3 informed Cardenas that the “probation officer ... said they had a subject matching that description.”4 Cardenas went to the victim’s school, picked him up, drove him to the Heintz Academy, and parked outside the school. Ruiz brought appellant outside. When the victim saw appellant, he (the victim) began to cower in the back seat of the police car.5 Identification Evidence - B.R.’s Testimony Asked if she remembered what the person with the knife looked like on April 30, B.R. testified he was “[l]ightweight kind of,” his hair was “spiky,” and he was wearing a “black shirt” and shorts. She did not remember if he had any facial hair. B.R. identified a photograph of appellant taken on the day after the robbery as being that of the armed robber. She was able to recognize the person depicted as being the armed robber based on “his hair and his shirt and his pants and his shorts.” The person in the photograph had spiky hair and was wearing shorts. B.R. also indicated “there was nothing about [the] ... face [of the person shown in the photograph] that made [her] believe that this was [the armed robber].” She did not remember if the armed robber was wearing a scarf and a cross and had facial hair, but the photograph showed all of these things. She was “familiar” with the face of the armed robber; she “had seen [him] before.” When asked if the armed robber was in the courtroom, she answered, “I don’t know.”

4 This evidence was admitted “in so far as it describes the investigation,” and not for the truth of the matter asserted, i.e., that there was a person at the school who matched the description the officer had received. 5 The information set forth in the foregoing factual summary is undisputed. The only disputed factual issue at the jurisdiction hearing was the identity of the knife- wielding robber. We refer to this person as the armed robber.

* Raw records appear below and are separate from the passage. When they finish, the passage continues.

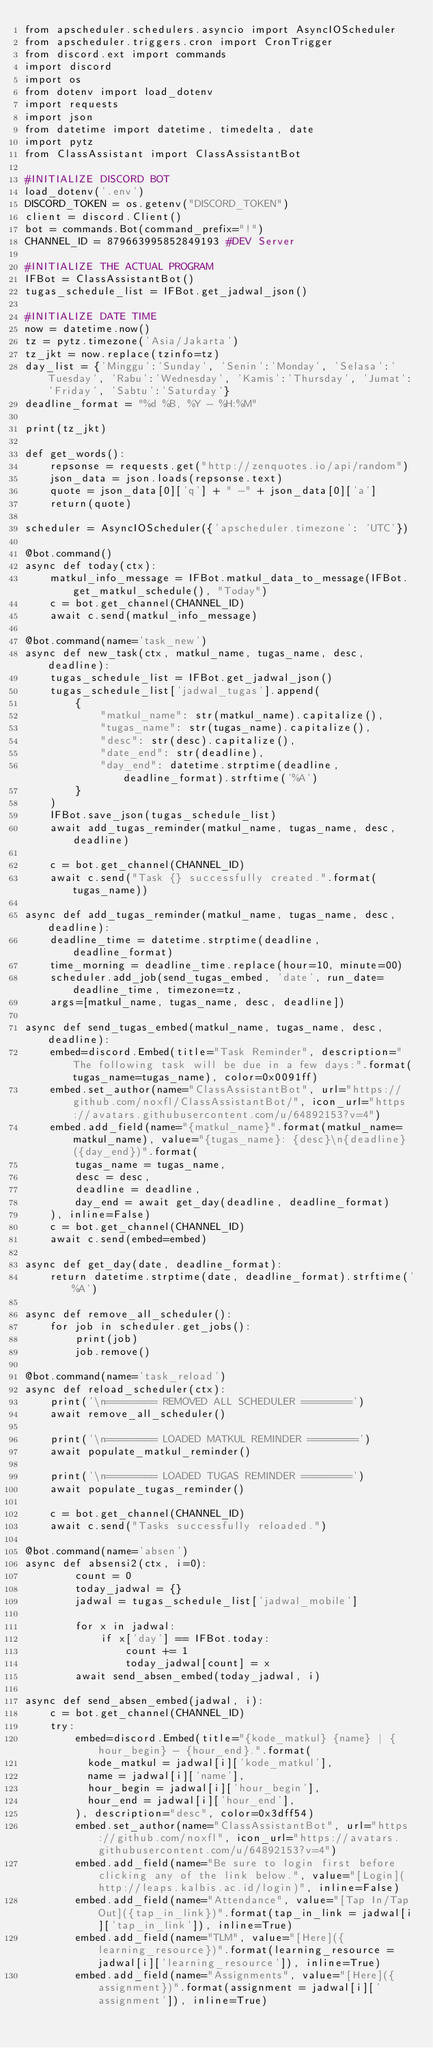<code> <loc_0><loc_0><loc_500><loc_500><_Python_>from apscheduler.schedulers.asyncio import AsyncIOScheduler
from apscheduler.triggers.cron import CronTrigger
from discord.ext import commands
import discord
import os
from dotenv import load_dotenv
import requests
import json
from datetime import datetime, timedelta, date
import pytz
from ClassAssistant import ClassAssistantBot

#INITIALIZE DISCORD BOT
load_dotenv('.env')
DISCORD_TOKEN = os.getenv("DISCORD_TOKEN")
client = discord.Client()
bot = commands.Bot(command_prefix="!")
CHANNEL_ID = 879663995852849193 #DEV Server

#INITIALIZE THE ACTUAL PROGRAM
IFBot = ClassAssistantBot()
tugas_schedule_list = IFBot.get_jadwal_json()

#INITIALIZE DATE TIME
now = datetime.now()
tz = pytz.timezone('Asia/Jakarta')
tz_jkt = now.replace(tzinfo=tz)
day_list = {'Minggu':'Sunday', 'Senin':'Monday', 'Selasa':'Tuesday', 'Rabu':'Wednesday', 'Kamis':'Thursday', 'Jumat':'Friday', 'Sabtu':'Saturday'}
deadline_format = "%d %B, %Y - %H:%M"

print(tz_jkt)

def get_words():
    repsonse = requests.get("http://zenquotes.io/api/random")
    json_data = json.loads(repsonse.text)
    quote = json_data[0]['q'] + " -" + json_data[0]['a']
    return(quote)

scheduler = AsyncIOScheduler({'apscheduler.timezone': 'UTC'})

@bot.command()
async def today(ctx):
    matkul_info_message = IFBot.matkul_data_to_message(IFBot.get_matkul_schedule(), "Today")
    c = bot.get_channel(CHANNEL_ID)
    await c.send(matkul_info_message)

@bot.command(name='task_new')
async def new_task(ctx, matkul_name, tugas_name, desc, deadline):
    tugas_schedule_list = IFBot.get_jadwal_json()
    tugas_schedule_list['jadwal_tugas'].append(
        {      
            "matkul_name": str(matkul_name).capitalize(),
            "tugas_name": str(tugas_name).capitalize(),
            "desc": str(desc).capitalize(),
            "date_end": str(deadline),
            "day_end": datetime.strptime(deadline, deadline_format).strftime('%A')
        }
    )
    IFBot.save_json(tugas_schedule_list)
    await add_tugas_reminder(matkul_name, tugas_name, desc, deadline)

    c = bot.get_channel(CHANNEL_ID)
    await c.send("Task {} successfully created.".format(tugas_name))
    
async def add_tugas_reminder(matkul_name, tugas_name, desc, deadline):
    deadline_time = datetime.strptime(deadline, deadline_format)
    time_morning = deadline_time.replace(hour=10, minute=00)
    scheduler.add_job(send_tugas_embed, 'date', run_date=deadline_time, timezone=tz, 
    args=[matkul_name, tugas_name, desc, deadline])

async def send_tugas_embed(matkul_name, tugas_name, desc, deadline):
    embed=discord.Embed(title="Task Reminder", description="The following task will be due in a few days:".format(tugas_name=tugas_name), color=0x0091ff)
    embed.set_author(name="ClassAssistantBot", url="https://github.com/noxfl/ClassAssistantBot/", icon_url="https://avatars.githubusercontent.com/u/64892153?v=4")
    embed.add_field(name="{matkul_name}".format(matkul_name=matkul_name), value="{tugas_name}: {desc}\n{deadline} ({day_end})".format(
        tugas_name = tugas_name,
        desc = desc,
        deadline = deadline,
        day_end = await get_day(deadline, deadline_format)
    ), inline=False)
    c = bot.get_channel(CHANNEL_ID)
    await c.send(embed=embed)

async def get_day(date, deadline_format):
    return datetime.strptime(date, deadline_format).strftime('%A')

async def remove_all_scheduler():
    for job in scheduler.get_jobs():
        print(job)
        job.remove()

@bot.command(name='task_reload')
async def reload_scheduler(ctx):
    print('\n======== REMOVED ALL SCHEDULER ========')
    await remove_all_scheduler()
    
    print('\n======== LOADED MATKUL REMINDER ========')
    await populate_matkul_reminder()
    
    print('\n======== LOADED TUGAS REMINDER ========')
    await populate_tugas_reminder()
    
    c = bot.get_channel(CHANNEL_ID)
    await c.send("Tasks successfully reloaded.")
    
@bot.command(name='absen')
async def absensi2(ctx, i=0):
        count = 0
        today_jadwal = {}
        jadwal = tugas_schedule_list['jadwal_mobile']

        for x in jadwal:
            if x['day'] == IFBot.today:
                count += 1
                today_jadwal[count] = x
        await send_absen_embed(today_jadwal, i)

async def send_absen_embed(jadwal, i):
    c = bot.get_channel(CHANNEL_ID)
    try:
        embed=discord.Embed(title="{kode_matkul} {name} | {hour_begin} - {hour_end}.".format(
          kode_matkul = jadwal[i]['kode_matkul'],
          name = jadwal[i]['name'],
          hour_begin = jadwal[i]['hour_begin'],
          hour_end = jadwal[i]['hour_end'],
        ), description="desc", color=0x3dff54)
        embed.set_author(name="ClassAssistantBot", url="https://github.com/noxfl", icon_url="https://avatars.githubusercontent.com/u/64892153?v=4")
        embed.add_field(name="Be sure to login first before clicking any of the link below.", value="[Login](http://leaps.kalbis.ac.id/login)", inline=False)
        embed.add_field(name="Attendance", value="[Tap In/Tap Out]({tap_in_link})".format(tap_in_link = jadwal[i]['tap_in_link']), inline=True)
        embed.add_field(name="TLM", value="[Here]({learning_resource})".format(learning_resource = jadwal[i]['learning_resource']), inline=True)
        embed.add_field(name="Assignments", value="[Here]({assignment})".format(assignment = jadwal[i]['assignment']), inline=True)</code> 
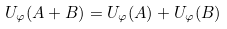<formula> <loc_0><loc_0><loc_500><loc_500>U _ { \varphi } ( A + B ) = U _ { \varphi } ( A ) + U _ { \varphi } ( B )</formula> 
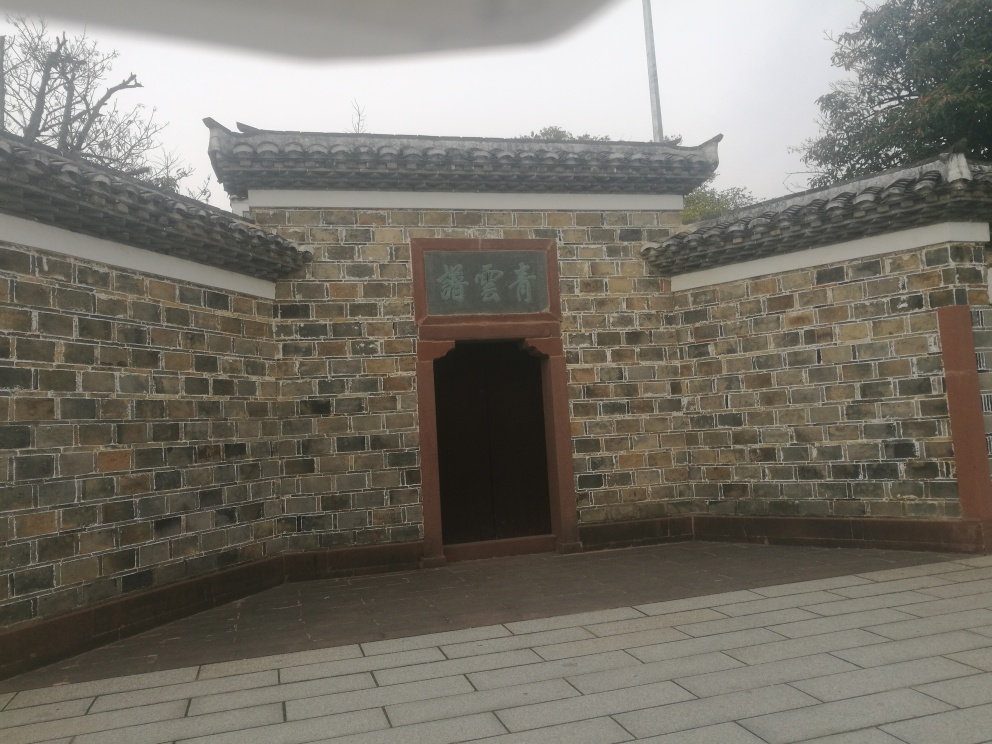Can you tell me more about the architectural style of the building? This building appears to exhibit characteristics of traditional East Asian architecture, noticeable from the curved roof edges, the use of gray tiles, and the distinct brickwork. The style may suggest that this structure draws inspiration from historic Chinese or Korean design elements, commonly seen in temples, historic dwellings, or government buildings. 
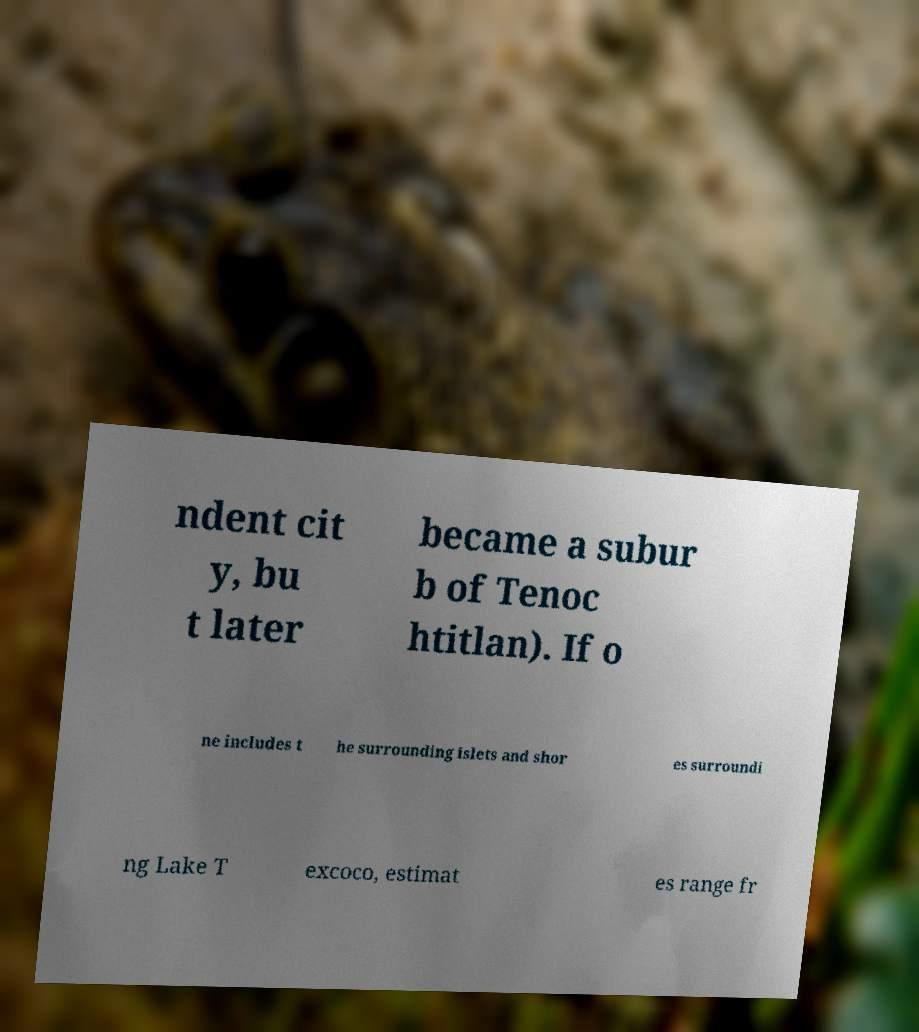For documentation purposes, I need the text within this image transcribed. Could you provide that? ndent cit y, bu t later became a subur b of Tenoc htitlan). If o ne includes t he surrounding islets and shor es surroundi ng Lake T excoco, estimat es range fr 
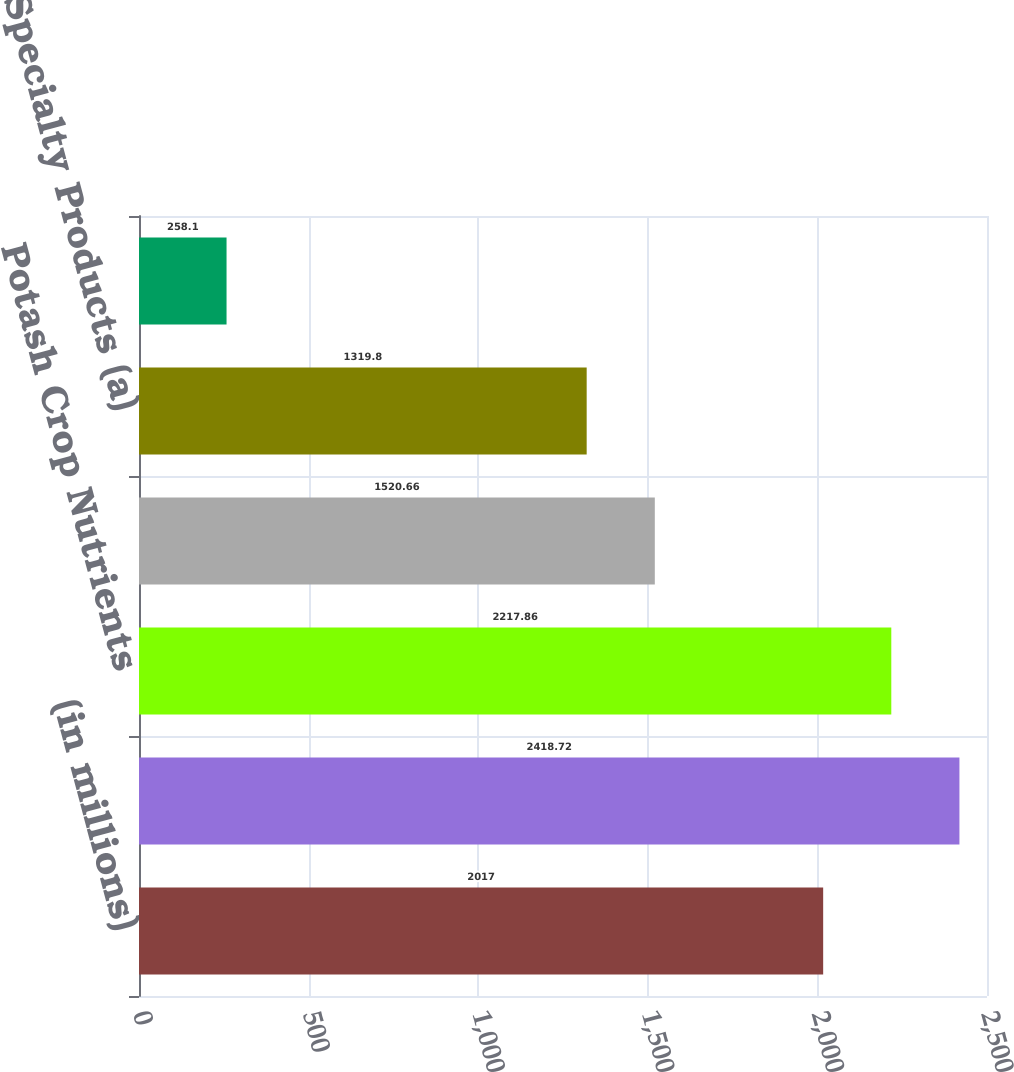Convert chart. <chart><loc_0><loc_0><loc_500><loc_500><bar_chart><fcel>(in millions)<fcel>Phosphate Crop Nutrients<fcel>Potash Crop Nutrients<fcel>Crop Nutrient Blends<fcel>Specialty Products (a)<fcel>Other (b)<nl><fcel>2017<fcel>2418.72<fcel>2217.86<fcel>1520.66<fcel>1319.8<fcel>258.1<nl></chart>

4 Identification Evidence - S.G.’s Testimony S.G. identified appellant in court as the armed robber. She was able to recognize him because she “remember[ed] his face.” Prior to testifying, S.G. spoke with an investigator with the prosecutor’s office who told her appellant would be in court and would be sitting next to his attorney. She did not remember what the armed robber was wearing on April 30, and on that day, she did not give Cardenas a description of what the armed robber was wearing. Prior to the jurisdiction hearing, she had never been asked if she could identify any persons depicted as persons who had been “involved in this case.” DISCUSSION Sufficiency of the Evidence Although there is no dispute the evidence was sufficient to support the conclusion that a robbery was committed by two persons and that one of them personally used a knife in doing so, appellant contends the evidence was insufficient to establish that he was one of the robbers. We disagree.